*** EXERCISE DATA Section Begins ***

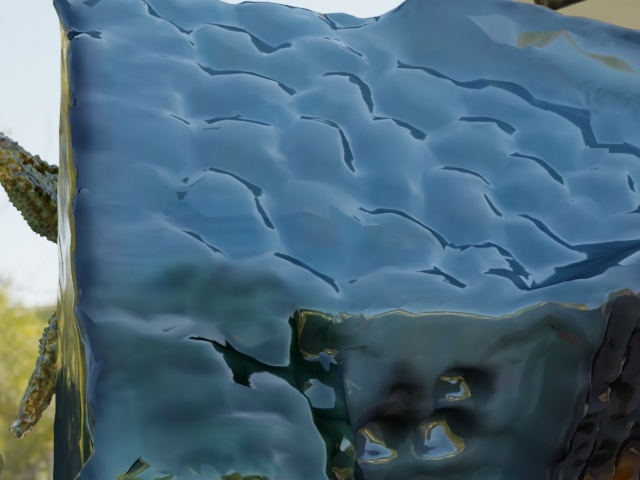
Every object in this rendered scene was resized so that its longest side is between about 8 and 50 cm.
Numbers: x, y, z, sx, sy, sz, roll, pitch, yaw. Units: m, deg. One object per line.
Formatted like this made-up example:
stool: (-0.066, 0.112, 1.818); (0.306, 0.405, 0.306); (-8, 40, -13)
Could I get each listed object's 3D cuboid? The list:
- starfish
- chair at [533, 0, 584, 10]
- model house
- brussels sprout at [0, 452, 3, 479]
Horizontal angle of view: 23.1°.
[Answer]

*** EXERCISE DATA Section Ends ***

Using the entries above, determine how many lines include the string "object" and write only that number.

3